__EXERCISE__: All entries are to be copied exactly, with pictures removed.
- Opening Delimiter -
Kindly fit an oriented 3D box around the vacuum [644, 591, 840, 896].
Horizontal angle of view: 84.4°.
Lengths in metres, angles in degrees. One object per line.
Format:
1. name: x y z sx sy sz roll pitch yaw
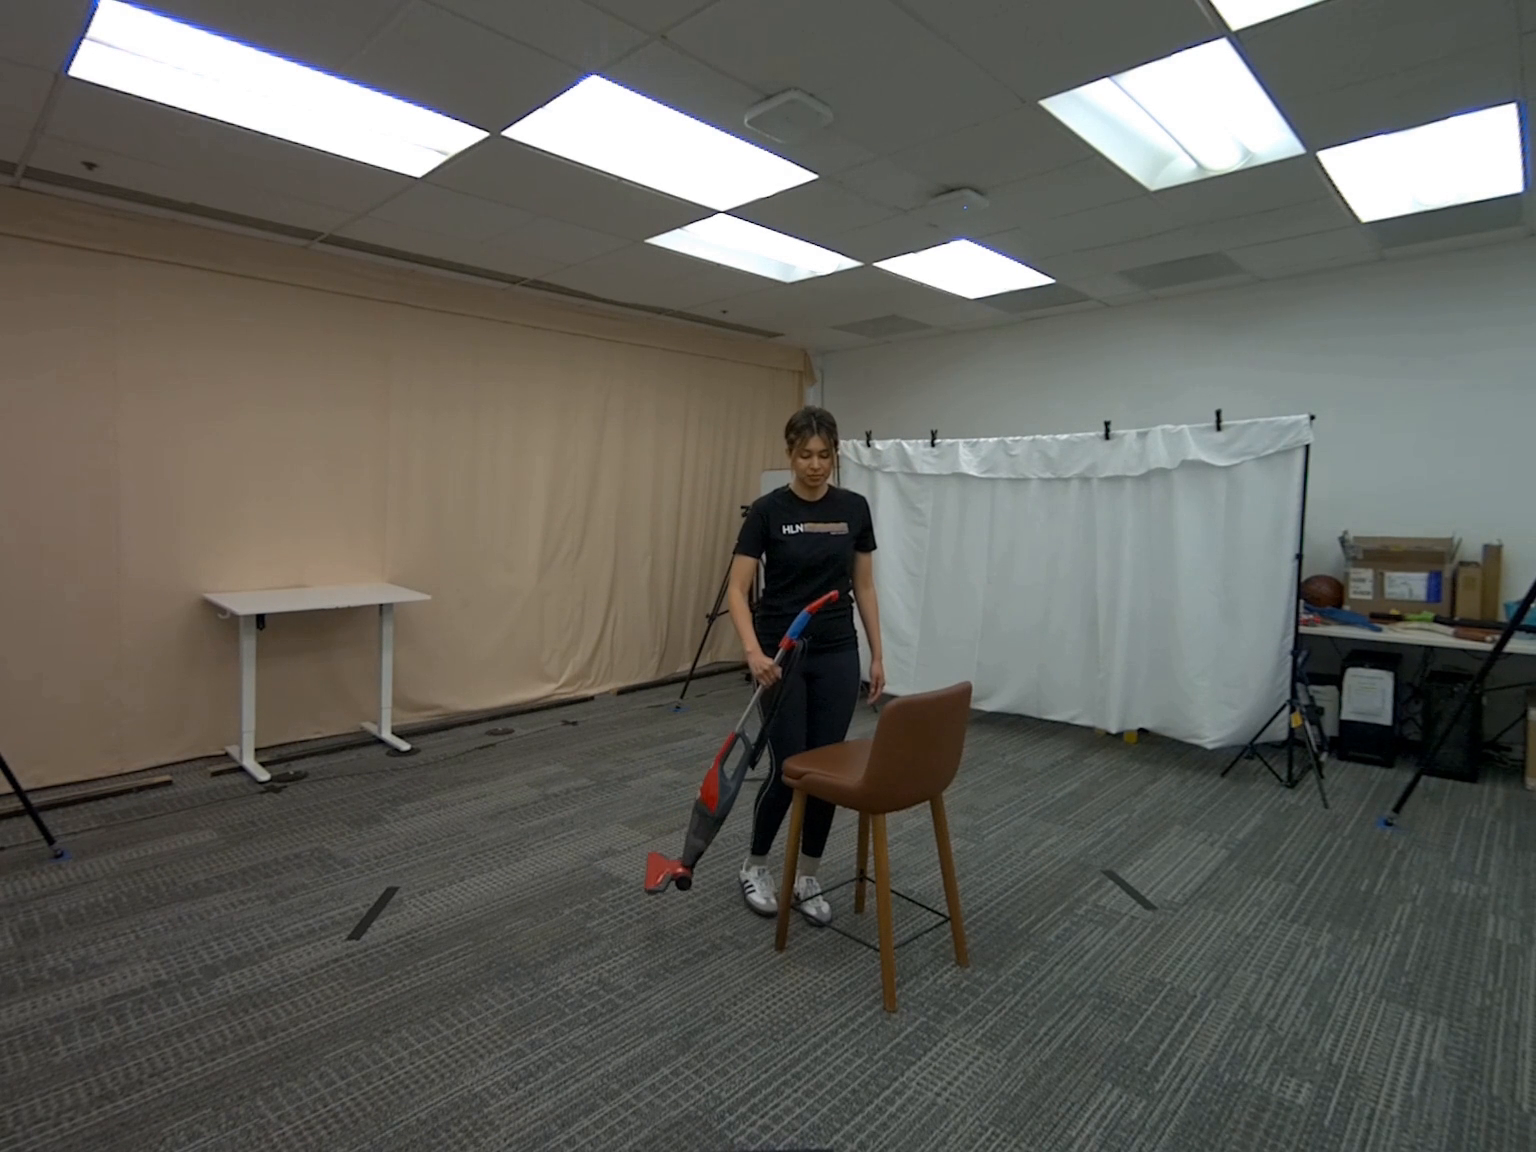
- Closing Delimiter -
__ANSWER FOR THIS EXERCISE__:
Kindly fit an oriented 3D box around the vacuum [644, 591, 840, 896].
Horizontal angle of view: 84.4°.
Lengths in metres, angles in degrees. One object per line.
Format:
1. name: x y z sx sy sz roll pitch yaw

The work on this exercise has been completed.